Why? Because some far-right conservative extremists claimed that these classes and materials encouraged left-wing political activism and hatred of white people.

That all started when Arizona’s superintendent of schools, John Huppenthal, visited one of the classes and heard the teacher, Augustine Romero, raise the issue of whether Benjamin Franklin was racist. “[Romero] was taught in the university system, so that raised questions in my mind about what’s going on in the university, too,” said Huppenthal, who also would like to change curricula in higher education. “I think that’s where this toxic thing starts from, the universities.”

Romero told Fox News Latino that he was simply teaching truths as we know them now: “I didn’t say [Franklin] was a racist. What I did say was that we need to recognize — beyond all the good things that Benjamin Franklin did — that he also warned the country of the tawning of America, which for all intents and purposes means the browning of America.”

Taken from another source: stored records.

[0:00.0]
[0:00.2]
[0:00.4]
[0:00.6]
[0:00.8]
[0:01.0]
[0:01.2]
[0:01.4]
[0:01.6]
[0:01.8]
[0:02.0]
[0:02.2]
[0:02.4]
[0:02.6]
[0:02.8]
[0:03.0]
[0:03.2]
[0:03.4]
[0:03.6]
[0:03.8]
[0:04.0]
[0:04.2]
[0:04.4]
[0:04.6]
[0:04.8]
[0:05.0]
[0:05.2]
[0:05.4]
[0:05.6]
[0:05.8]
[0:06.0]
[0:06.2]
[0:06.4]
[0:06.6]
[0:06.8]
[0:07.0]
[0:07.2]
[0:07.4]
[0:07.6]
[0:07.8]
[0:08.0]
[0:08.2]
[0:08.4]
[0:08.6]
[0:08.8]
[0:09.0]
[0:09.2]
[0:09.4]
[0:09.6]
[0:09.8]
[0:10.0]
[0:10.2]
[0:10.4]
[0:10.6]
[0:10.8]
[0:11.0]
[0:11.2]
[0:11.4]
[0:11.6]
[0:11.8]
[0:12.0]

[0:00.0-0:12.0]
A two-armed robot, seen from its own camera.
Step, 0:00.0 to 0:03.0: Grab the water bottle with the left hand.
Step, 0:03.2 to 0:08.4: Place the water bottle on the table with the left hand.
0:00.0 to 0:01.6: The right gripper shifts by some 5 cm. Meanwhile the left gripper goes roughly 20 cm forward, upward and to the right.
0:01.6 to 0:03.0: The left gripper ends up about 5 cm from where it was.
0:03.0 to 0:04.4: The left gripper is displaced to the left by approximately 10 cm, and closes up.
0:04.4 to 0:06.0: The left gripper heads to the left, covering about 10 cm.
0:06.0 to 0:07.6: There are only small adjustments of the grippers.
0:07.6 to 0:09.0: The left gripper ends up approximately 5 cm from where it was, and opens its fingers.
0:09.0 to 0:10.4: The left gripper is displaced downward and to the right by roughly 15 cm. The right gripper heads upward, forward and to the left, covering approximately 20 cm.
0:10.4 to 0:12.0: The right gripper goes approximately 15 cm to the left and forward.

In terms of accuracy, Romero is right on target, according to historian David Waldstreicher, a Franklin expert who wrote Runaway America: Benjamin Franklin, Slavery and the American Revolution. While it is true that in later years Franklin was involved in the Abolitionist movement, according to Waldstreicher, the Founding Father’s involvement was largely  political. “I think that based on the few things that [Franklin] wrote in his life, it is fair to say that he was a racist and that he was not anti-slavery most of the time,” Waldstreicher said.

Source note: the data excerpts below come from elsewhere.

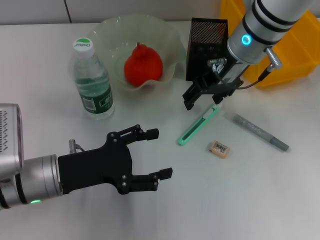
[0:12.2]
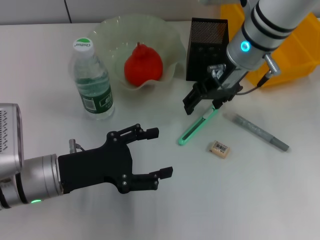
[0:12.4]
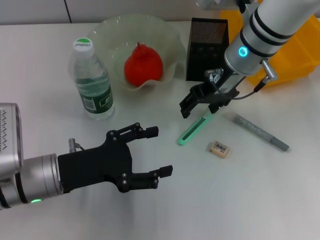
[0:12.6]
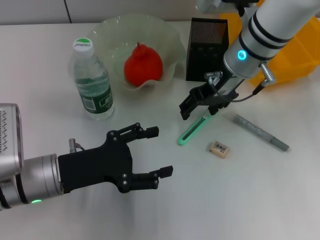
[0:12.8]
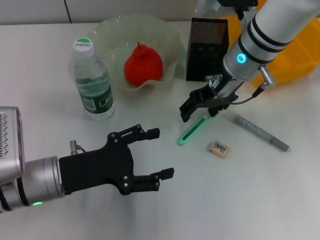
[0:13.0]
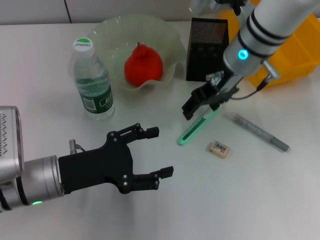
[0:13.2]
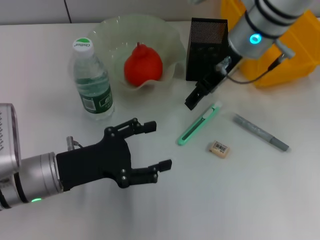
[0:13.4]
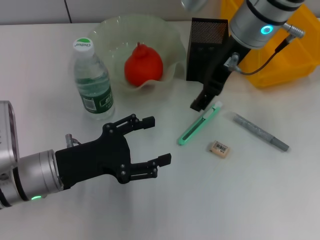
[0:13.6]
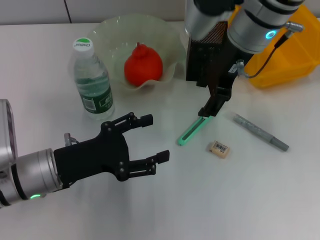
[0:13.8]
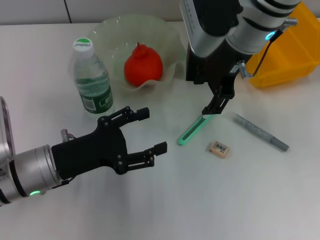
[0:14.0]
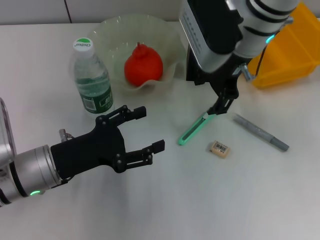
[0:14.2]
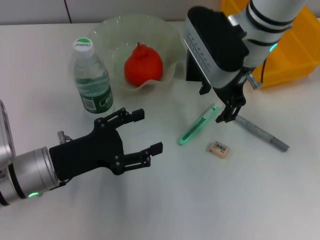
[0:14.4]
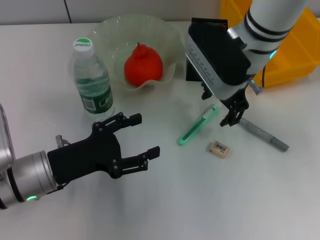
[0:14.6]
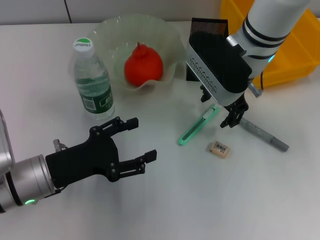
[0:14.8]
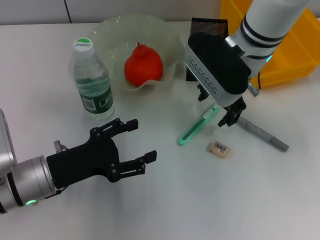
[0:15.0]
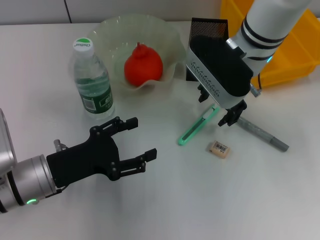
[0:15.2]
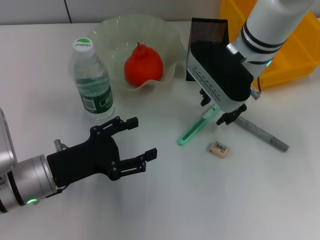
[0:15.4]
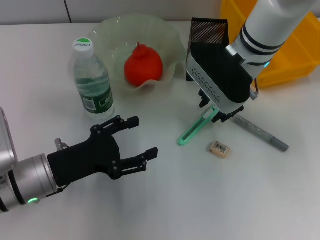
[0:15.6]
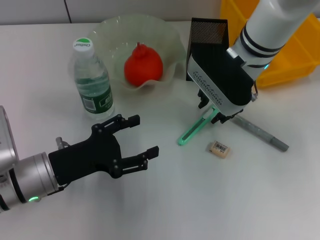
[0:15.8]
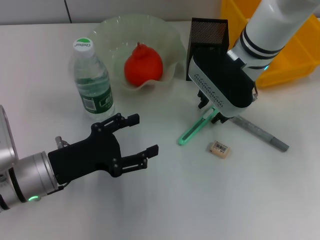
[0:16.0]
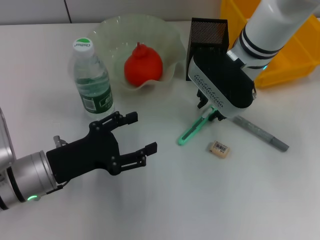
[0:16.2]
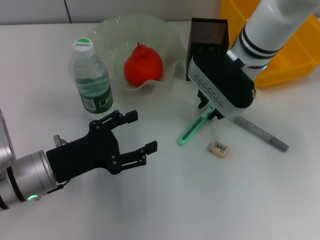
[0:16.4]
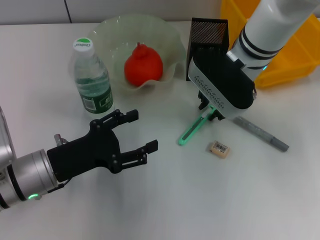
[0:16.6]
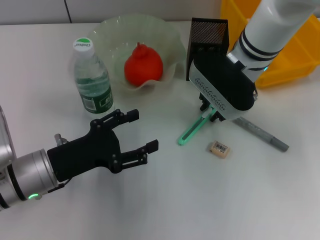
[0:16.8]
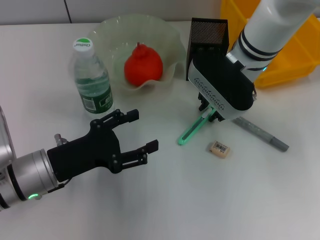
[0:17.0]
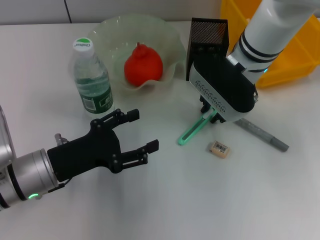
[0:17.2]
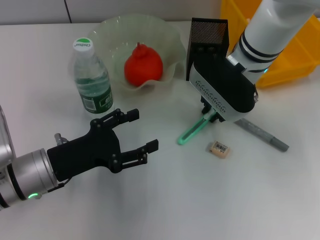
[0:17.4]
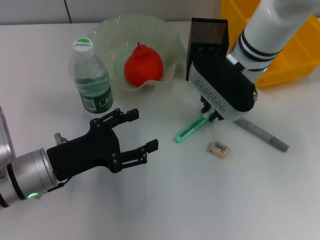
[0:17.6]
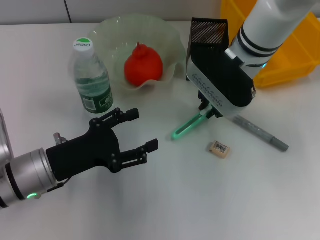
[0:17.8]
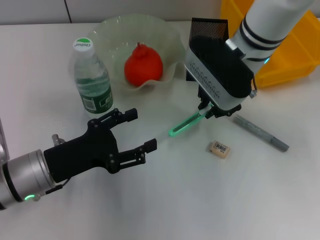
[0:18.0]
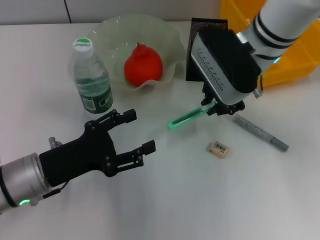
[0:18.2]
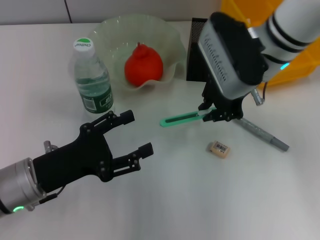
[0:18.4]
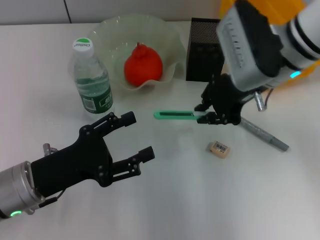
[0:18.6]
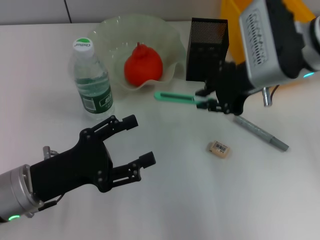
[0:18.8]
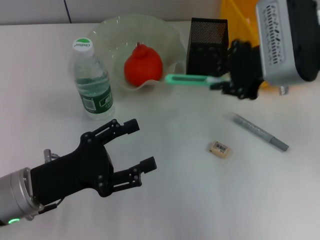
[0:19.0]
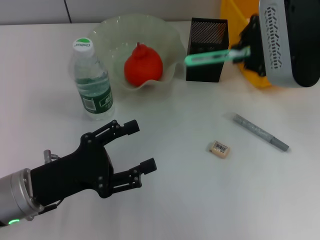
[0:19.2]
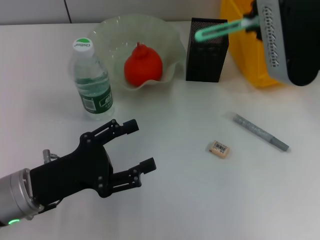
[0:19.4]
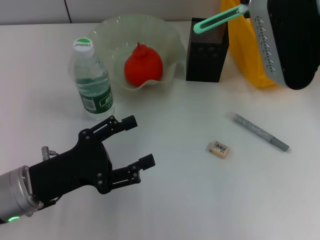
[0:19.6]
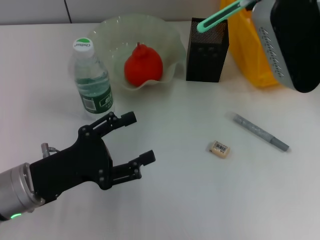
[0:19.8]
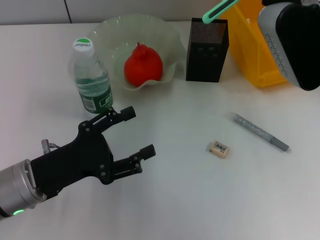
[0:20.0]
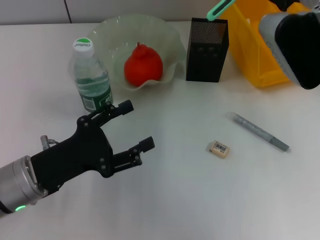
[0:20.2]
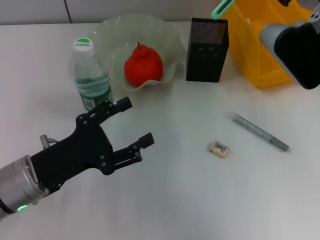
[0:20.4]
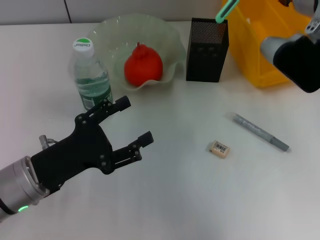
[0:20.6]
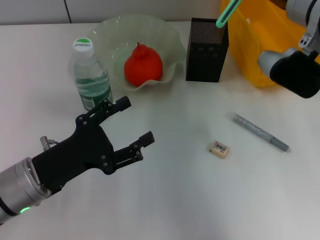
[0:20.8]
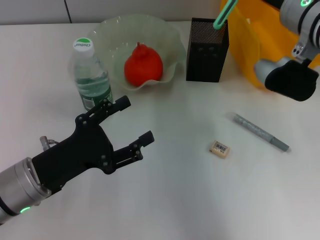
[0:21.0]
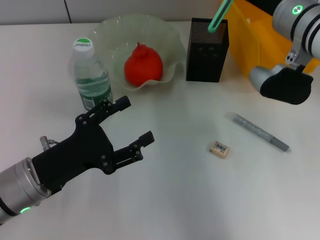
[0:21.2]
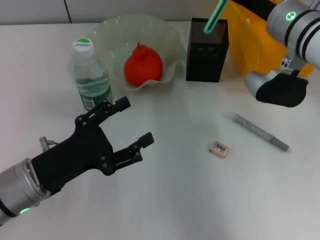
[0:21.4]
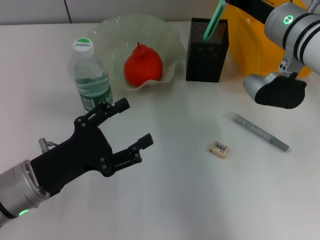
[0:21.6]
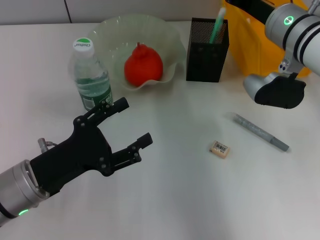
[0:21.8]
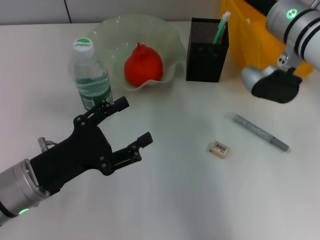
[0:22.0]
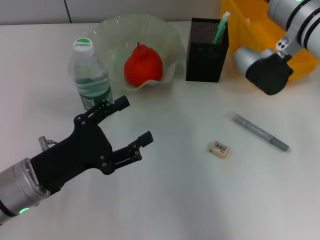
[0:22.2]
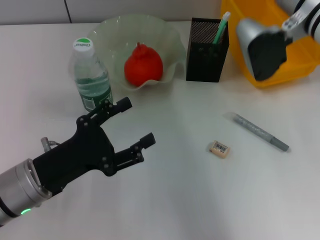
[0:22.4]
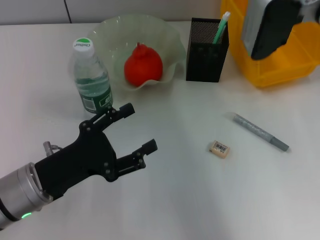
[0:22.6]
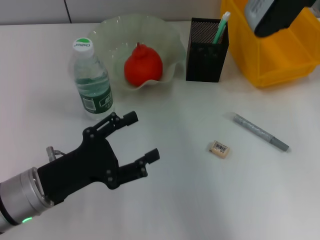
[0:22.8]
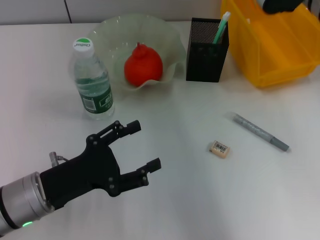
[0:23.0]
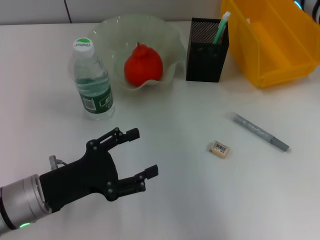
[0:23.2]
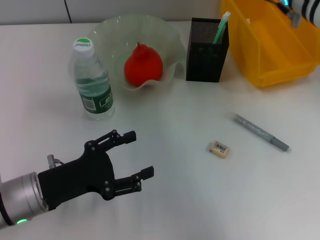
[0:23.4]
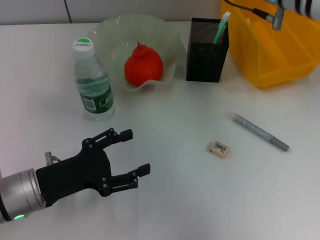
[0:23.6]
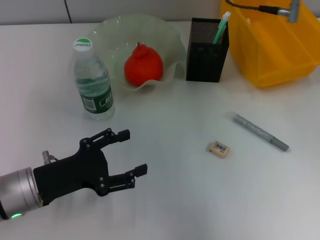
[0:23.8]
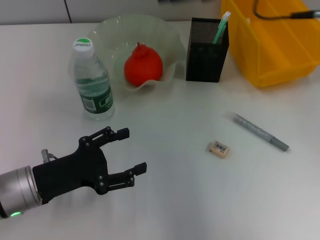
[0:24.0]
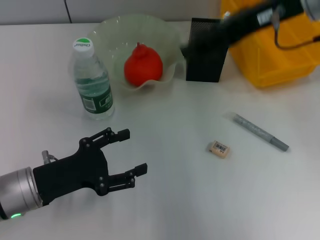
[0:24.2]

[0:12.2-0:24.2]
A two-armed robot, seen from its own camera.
Step, 0:12.2 to 0:17.4: Grab the blue utility knife with the right hand.
Step, 0:17.6 to 0:21.8: Place the blue utility knife into the pen holder with the right hand.
0:13.8 to 0:15.2: The right gripper shifts approximately 5 cm downward.
0:15.2 to 0:16.6: The right gripper closes.
0:16.6 to 0:18.2: The grippers make only small movements.
0:18.2 to 0:19.8: The right gripper moves upward and backward, about 10 cm.
0:19.8 to 0:21.2: The right gripper shifts approximately 10 cm downward.
0:21.2 to 0:22.6: The right gripper opens its fingers.
0:22.6 to 0:24.2: The right gripper travels upward by some 5 cm.

As any educator knows, history, science and literature — unlike some views of religion — are constantly evolving, malleable disciplines. We continually learn more about how the world works, and we adjust the facts to allow for new evidence and new insights. High school students must be exposed to great books, both past and present, as well as legitimate new ideas, in order to be prepared for college — and ultimately, in order to be prepare for a constantly changing world. When members of school boards get in the way of the educational process rather than help sustain it, they quite literally retard the development of young minds.

I followed the case in Randolph County — straight to the board meeting on Wednesday —  because I was born and raised there, educated for the first 12 years of my academic life in the Asheboro school system. But educational freedom should be something that we all constantly follow, watch and monitor. Our future depends on it. And these people who are trying to subvert our educational system to fit their white, Christian views of the world are not going to stop.

A RANDOLPH COUNTY STUDENT BRINGS IT ALL BACK HOME

Bowman
Bowman

Jessi Bowman, a senior at Randleman High School, which is part of the Randolph County system, is holding a banned books reading at 7 p.m. tonight (Sept. 6) at the Asheboro Public Library. It is part of her senior project and was already scheduled for Banned Books Week before the shit hit the fan at the Randolph County Board of Education.

“It was just a coincidence that this happened,” Bowman told the Asheboro Courier-Tribune; she added, however, that “it worked out well.”

Bowman was in attendance at the Wednesday school board meeting and said she looked forward to a good show of support for her event tonight. “I just hope that people come at all,” she told me after the board meeting.

Two things are for sure: 1) I will be there, and 2) you can bet  someone will be reading from Invisible Man.

[Randolph County commissioners pictured in opening photo are (from left): Gary Cook, Matthew Lambeth, Emily T. Coltrane (vice chair), Tommy McDonald (chair), Gary Mason, Tracy Boyles, and Todd Cutler.]